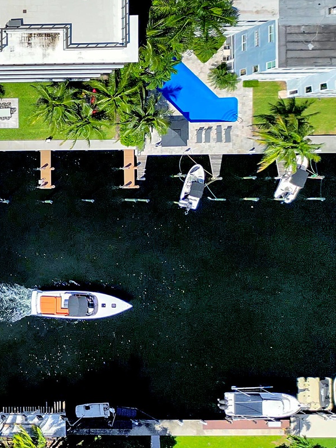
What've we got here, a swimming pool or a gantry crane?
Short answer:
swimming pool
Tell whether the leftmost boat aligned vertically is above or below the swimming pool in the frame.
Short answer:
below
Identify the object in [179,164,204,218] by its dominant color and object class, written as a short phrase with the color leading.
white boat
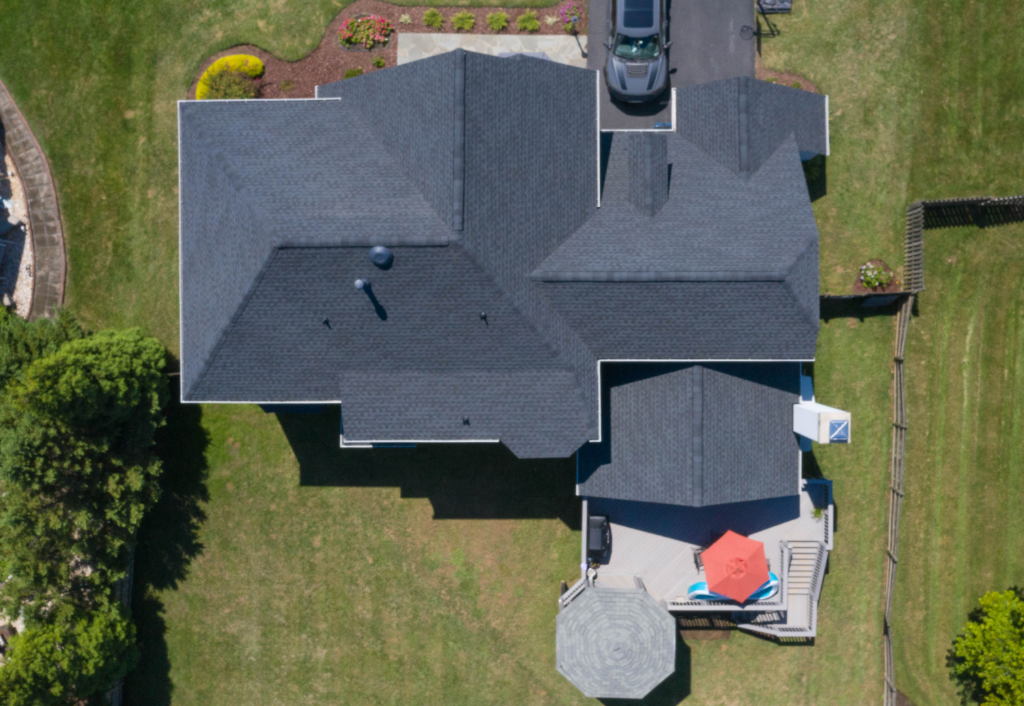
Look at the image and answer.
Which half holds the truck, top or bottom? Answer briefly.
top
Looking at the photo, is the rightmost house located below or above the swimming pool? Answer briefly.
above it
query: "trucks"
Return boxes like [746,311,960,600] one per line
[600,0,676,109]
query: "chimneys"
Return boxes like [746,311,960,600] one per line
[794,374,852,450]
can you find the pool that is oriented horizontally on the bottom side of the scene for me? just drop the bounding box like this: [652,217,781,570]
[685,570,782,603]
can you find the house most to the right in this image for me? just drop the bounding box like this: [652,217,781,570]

━━━━━━━━━━

## [Try it]
In the records above, find each line that holds the word "image"; copy all such lines.

## [Output]
Look at the image and answer.
can you find the house most to the right in this image for me? just drop the bounding box like this: [652,217,781,570]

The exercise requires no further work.